I then touched her, gently, again.
"Ohhh," she said, softly.
"Who would be the best?" I asked.
"I do not know," said the woman.
"Mother!" scolded the girl.
"Doubtless, in the end, under the suitable tutelage of strong men, you will both become superb," I speculated.
"Yes," whispered the woman.
"Perhaps, in the end, when you are both marvelous, there will be little to choose from between you," I speculated.
The woman said nothing.
"But now," I said, "there is a great deal to choose from, between you." The girl cried out in anger.
Th
e woman groaned, clutching the bench.
"Can you imagine your daughter in slave silk?" I asked the woman. "Can you imagine her in a collar, kneeling and obeying?"
"Yes," whispered the woman.
"Do not speak so," begged the daughter.
"Can you imagine her naked, kicking in her chains," I asked, "crying out, begging for a man's touch.
"Yes," said the woman.
The daughter put her head in her hands, sobbing.
"Hush, dear," said the woman. "It will be so."
"Men are horrid," wept the girl.
"No," she said, "they are the masters. They are as they are, as we are as we are."
"I will never yield to them," wept the girl.
"Then you will be killed," said the woman.
The girl gasped, shrinking back in the chains. "I could pretend to yield," she whispered.
"That is the crime of false yielding," said the mother. "It is easy to detect, by infallible physiological signs. It is punishable by death."
"What, then, can I do?" she wept.
"Yield truly, or die," she said.
"What chance have I, then?" asked the girl.
"None," said the mother. "You will be a slave."
"If you like," I said to the woman, "I can go over there and, in moments, one hand on the back of her neck, my other hand free, have her leaping like a child's toy."
"No," said the woman. "It will be soon enough done to her, such things. She will learn soon enough, what it is, a bond maid, to be owned by men."
"Do not worry so much about her," I said.
"I am her mother," she said.
"I would worry more about myself, if I were you," I said. "I think you will find that you will prove to be a much more frequent object of male aggression than she. Merely to see you is to want to strip you and put you in a collar." "No!" gasped the woman.
"I am a man, and I can vouch for it," I said.

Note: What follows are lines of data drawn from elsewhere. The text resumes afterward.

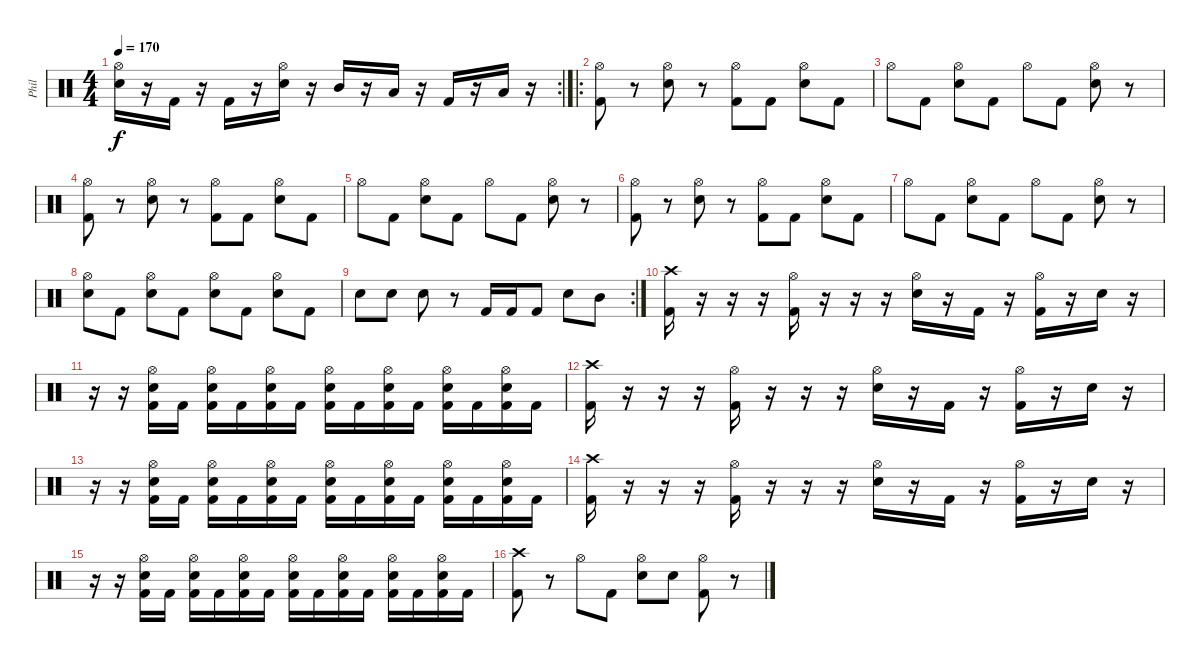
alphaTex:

\track ("Phil" "Phil") {instrument percussion}
\staff {score}
\articulation defaults
\rc 2
\ts (4 4)
\tempo 170
\clef neutral
\ks c
("Hi-Hat (open)" "Electric Snare (hit)").16{dy f} r.16 "Kick (hit) 2".16 r.16 "Kick (hit) 2".16 r.16 ("Hi-Hat (open)" "Electric Snare (hit)").16 r.16 "Mid Tom (hit)".16 r.16 "Low Tom (hit)".16 r.16 "Kick (hit) 2".16 r.16 "Low Tom (hit)".16 r.16 |
\ro
("Hi-Hat (open)" "Kick (hit) 2").8 r.8 ("Hi-Hat (open)" "Electric Snare (hit)").8 r.8 ("Hi-Hat (open)" "Kick (hit) 2").8 "Kick (hit) 2".8 ("Hi-Hat (open)" "Electric Snare (hit)").8 "Kick (hit) 2".8 |
"Hi-Hat (open)".8 "Kick (hit) 2".8 ("Hi-Hat (open)" "Electric Snare (hit)").8 "Kick (hit) 2".8 "Hi-Hat (open)".8 "Kick (hit) 2".8 ("Hi-Hat (open)" "Electric Snare (hit)").8 r.8 |
("Hi-Hat (open)" "Kick (hit) 2").8 r.8 ("Hi-Hat (open)" "Electric Snare (hit)").8 r.8 ("Hi-Hat (open)" "Kick (hit) 2").8 "Kick (hit) 2".8 ("Hi-Hat (open)" "Electric Snare (hit)").8 "Kick (hit) 2".8 |
"Hi-Hat (open)".8 "Kick (hit) 2".8 ("Hi-Hat (open)" "Electric Snare (hit)").8 "Kick (hit) 2".8 "Hi-Hat (open)".8 "Kick (hit) 2".8 ("Hi-Hat (open)" "Electric Snare (hit)").8 r.8 |
("Hi-Hat (open)" "Kick (hit) 2").8 r.8 ("Hi-Hat (open)" "Electric Snare (hit)").8 r.8 ("Hi-Hat (open)" "Kick (hit) 2").8 "Kick (hit) 2".8 ("Hi-Hat (open)" "Electric Snare (hit)").8 "Kick (hit) 2".8 |
"Hi-Hat (open)".8 "Kick (hit) 2".8 ("Hi-Hat (open)" "Electric Snare (hit)").8 "Kick (hit) 2".8 "Hi-Hat (open)".8 "Kick (hit) 2".8 ("Hi-Hat (open)" "Electric Snare (hit)").8 r.8 |
("Hi-Hat (open)" "Electric Snare (hit)").8 "Kick (hit) 2".8 ("Hi-Hat (open)" "Electric Snare (hit)").8 "Kick (hit) 2".8 ("Hi-Hat (open)" "Electric Snare (hit)").8 "Kick (hit) 2".8 ("Hi-Hat (open)" "Electric Snare (hit)").8 "Kick (hit) 2".8 |
\rc 2 "Electric Snare (hit)".8 "Electric Snare (hit)".8 "Electric Snare (hit)".8
r.8 "Kick (hit) 2".16 "Kick (hit) 2".16 "Kick (hit) 2".8 "Electric Snare (hit)".8 "Mid Tom (hit)".8 |
("Crash high (hit)" "Kick (hit) 2").16 r.16 r.16 r.16 ("Hi-Hat (open)" "Kick (hit) 2").16 r.16 r.16 r.16 ("Hi-Hat (open)" "Electric Snare (hit)").16 r.16 "Kick (hit) 2".16 r.16 ("Hi-Hat (open)" "Kick (hit) 2").16 r.16 "Electric Snare (hit)".16 r.16 |
r.16 r.16 ("Hi-Hat (open)" "Electric Snare (hit)" "Kick (hit) 2").16 "Kick (hit) 2".16 ("Hi-Hat (open)" "Electric Snare (hit)" "Kick (hit) 2").16 "Kick (hit) 2".16 ("Hi-Hat (open)" "Electric Snare (hit)" "Kick (hit) 2").16 "Kick (hit) 2".16 ("Hi-Hat (open)" "Electric Snare (hit)" "Kick (hit) 2").16 "Kick (hit) 2".16 ("Hi-Hat (open)" "Electric Snare (hit)" "Kick (hit) 2").16 "Kick (hit) 2".16 ("Hi-Hat (open)" "Electric Snare (hit)" "Kick (hit) 2").16 "Kick (hit) 2".16 ("Hi-Hat (open)" "Electric Snare (hit)" "Kick (hit) 2").16 "Kick (hit) 2".16 |
("Crash high (hit)" "Kick (hit) 2").16 r.16 r.16 r.16 ("Hi-Hat (open)" "Kick (hit) 2").16 r.16 r.16 r.16 ("Hi-Hat (open)" "Electric Snare (hit)").16 r.16 "Kick (hit) 2".16 r.16 ("Hi-Hat (open)" "Kick (hit) 2").16 r.16 "Electric Snare (hit)".16 r.16 |
r.16 r.16 ("Hi-Hat (open)" "Electric Snare (hit)" "Kick (hit) 2").16 "Kick (hit) 2".16 ("Hi-Hat (open)" "Electric Snare (hit)" "Kick (hit) 2").16 "Kick (hit) 2".16 ("Hi-Hat (open)" "Electric Snare (hit)" "Kick (hit) 2").16 "Kick (hit) 2".16 ("Hi-Hat (open)" "Electric Snare (hit)" "Kick (hit) 2").16 "Kick (hit) 2".16 ("Hi-Hat (open)" "Electric Snare (hit)" "Kick (hit) 2").16 "Kick (hit) 2".16 ("Hi-Hat (open)" "Electric Snare (hit)" "Kick (hit) 2").16 "Kick (hit) 2".16 ("Hi-Hat (open)" "Electric Snare (hit)" "Kick (hit) 2").16 "Kick (hit) 2".16 |
("Crash high (hit)" "Kick (hit) 2").16 r.16 r.16 r.16 ("Hi-Hat (open)" "Kick (hit) 2").16 r.16 r.16 r.16 ("Hi-Hat (open)" "Electric Snare (hit)").16 r.16 "Kick (hit) 2".16 r.16 ("Hi-Hat (open)" "Kick (hit) 2").16 r.16 "Electric Snare (hit)".16 r.16 |
r.16 r.16 ("Hi-Hat (open)" "Electric Snare (hit)" "Kick (hit) 2").16 "Kick (hit) 2".16 ("Hi-Hat (open)" "Electric Snare (hit)" "Kick (hit) 2").16 "Kick (hit) 2".16 ("Hi-Hat (open)" "Electric Snare (hit)" "Kick (hit) 2").16 "Kick (hit) 2".16 ("Hi-Hat (open)" "Electric Snare (hit)" "Kick (hit) 2").16 "Kick (hit) 2".16 ("Hi-Hat (open)" "Electric Snare (hit)" "Kick (hit) 2").16 "Kick (hit) 2".16 ("Hi-Hat (open)" "Electric Snare (hit)" "Kick (hit) 2").16 "Kick (hit) 2".16 ("Hi-Hat (open)" "Electric Snare (hit)" "Kick (hit) 2").16 "Kick (hit) 2".16 |
("Crash high (hit)" "Kick (hit) 2").8 r.8 "Hi-Hat (open)".8 "Kick (hit) 2".8 ("Hi-Hat (open)" "Electric Snare (hit)").8 "Electric Snare (hit)".8 ("Hi-Hat (open)" "Kick (hit) 2").8 r.8

I gave her an intimate, friendly pat.
"Please!" she said.
"Be silent," I said.
"Yes, Master," she said.
"I assure you," I said, "you are at present much more likely to excite the predations of men, to be viewed as a mere imbonded lust object, than your daughter. You are much more likely than she, at least at present, in my opinion, to discover that you have, perhaps to your terror and distress, and with predictable consequences to yourself, then a slave, occasioned their interest. "No!" said the girl.